Tuesday, May 17, 2011

Insecurities...

Well, it's down to the last 2 appointments before my case is submitted to the insurance company for approval of the surgery. I had my sleep study a little over a week ago and found out that I have moderate-severe sleep apnea. So I get to go back and spend the night in the sleep lab again so they can fit me for a CPAP machine. Just what I wanted, to sleep hooked up to a CPAP! Just another reason for me to go through with the surgery. Then, in 2 weeks, I have my final appointment - the psychological evaluation. I am thinking I will have the surgery date set by the end of June.

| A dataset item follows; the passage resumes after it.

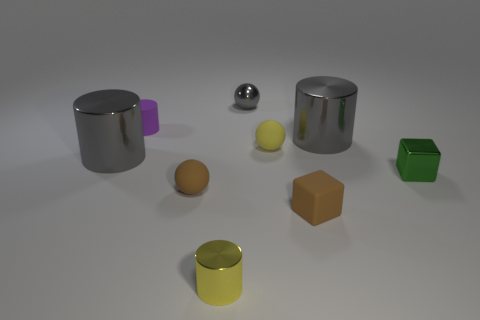Subtract all metallic cylinders. How many cylinders are left? 1 Subtract all brown blocks. How many blocks are left? 1 Subtract all blocks. How many objects are left? 7 Add 1 green spheres. How many objects exist? 10 Subtract 3 cylinders. How many cylinders are left? 1 Subtract all small green blocks. Subtract all yellow things. How many objects are left? 6 Add 1 small matte cylinders. How many small matte cylinders are left? 2 Add 9 yellow cylinders. How many yellow cylinders exist? 10 Subtract 1 gray cylinders. How many objects are left? 8 Subtract all purple cylinders. Subtract all purple spheres. How many cylinders are left? 3 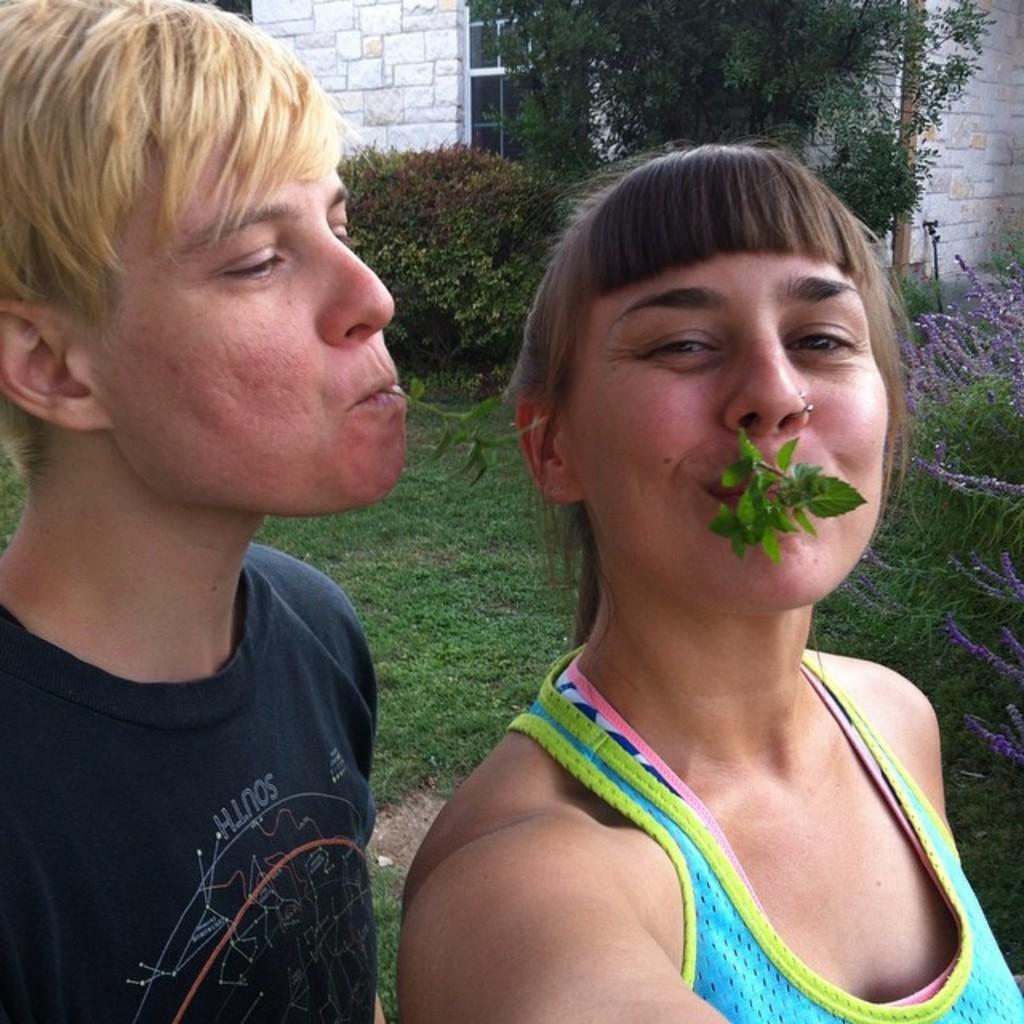Could you give a brief overview of what you see in this image? As we can see in the image there is grass, plants, trees, windows and building. In the front there are two people standing. The man on the left side is wearing black color t shirt. The woman on the right side is wearing sky blue color dress.

But...to get on with insecurities. I knew that after this surgery I would not look the same. Not only would I be thinner, but I would have to deal with the flabbiness (a nice way to put it) that also follows. The closer I get to having the surgery, I am starting to prepare myself mentally for what is to come after and I'm realizing that my insecurities aren't going to go away, they will just be different. Right now I'm insecure about being fat. After, I will be insecure about the "leftovers" after the weight is gone. I will have to come to terms with this somehow because plastic surgery just isn't an option, at least not for several years.

I am also starting to pay more attention to food labels so I can start looking at things that will be safe for me to eat after surgery. I think the first month is going to be the hardest, I will need a lot of prayer to get through it!